Here is what market experts make of today's session.  

Vijay Dhanotiya, Lead of Technical Research at CapitalVia Global Research Limited 

The market witnessed a volatile session in a range of 17300-17500. Market research suggests, trading above the support zone of 17200 is positive from a short-term perspective. If the market sustains above the support levels, we expect a recovery in the market till the level of 17800. Technical indicators suggest a volatile movement in the market in the range of 17200-17800. As such we retain our cautious stance and advise the traders to refrain from building a fresh buying position, until we see further decisive movement in the market. 

Vinod Nair, Head of Research at Geojit Financial Services.  

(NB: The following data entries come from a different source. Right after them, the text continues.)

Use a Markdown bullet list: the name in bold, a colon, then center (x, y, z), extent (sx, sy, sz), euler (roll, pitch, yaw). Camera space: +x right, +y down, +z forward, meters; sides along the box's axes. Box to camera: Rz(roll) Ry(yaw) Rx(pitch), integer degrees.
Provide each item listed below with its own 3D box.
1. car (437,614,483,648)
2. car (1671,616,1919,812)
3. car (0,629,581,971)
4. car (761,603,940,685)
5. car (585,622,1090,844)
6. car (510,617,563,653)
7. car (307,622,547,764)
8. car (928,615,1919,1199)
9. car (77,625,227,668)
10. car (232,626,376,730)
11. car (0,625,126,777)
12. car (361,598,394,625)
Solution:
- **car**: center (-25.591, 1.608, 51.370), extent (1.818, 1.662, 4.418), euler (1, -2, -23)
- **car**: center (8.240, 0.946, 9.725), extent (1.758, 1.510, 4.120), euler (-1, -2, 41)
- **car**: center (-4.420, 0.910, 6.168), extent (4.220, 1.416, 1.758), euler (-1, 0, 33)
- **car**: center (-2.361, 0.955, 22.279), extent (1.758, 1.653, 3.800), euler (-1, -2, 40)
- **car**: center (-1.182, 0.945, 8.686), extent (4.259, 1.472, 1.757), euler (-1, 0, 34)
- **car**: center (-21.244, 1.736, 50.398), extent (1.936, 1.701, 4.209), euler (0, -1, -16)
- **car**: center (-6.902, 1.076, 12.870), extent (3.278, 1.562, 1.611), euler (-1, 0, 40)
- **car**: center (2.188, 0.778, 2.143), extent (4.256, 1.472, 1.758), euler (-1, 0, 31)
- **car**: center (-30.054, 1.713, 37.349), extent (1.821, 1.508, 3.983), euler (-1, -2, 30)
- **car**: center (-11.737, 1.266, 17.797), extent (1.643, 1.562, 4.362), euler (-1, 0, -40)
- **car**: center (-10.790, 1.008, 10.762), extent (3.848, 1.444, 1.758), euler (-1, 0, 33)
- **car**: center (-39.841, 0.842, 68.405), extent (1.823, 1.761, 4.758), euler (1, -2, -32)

Indian equities staged a rebound to recoup most of its losses in the mid-noon session on the back of de-escalating tensions along the Russia-Ukraine border. However, falling western markets prompted a quick sell-off during closing hours. In yet another blow to global inflationary pressure, UK’s inflation jumped to 5.5% in January recording a 30 year high, putting pressure on the Bank of England for a further rate hike sooner than earlier anticipated" 

(Disclaimer: The views/suggestions/advices expressed here in this article is solely by investment experts. Zee Business suggests its readers to consult with their investment advisers before making any financial decision.)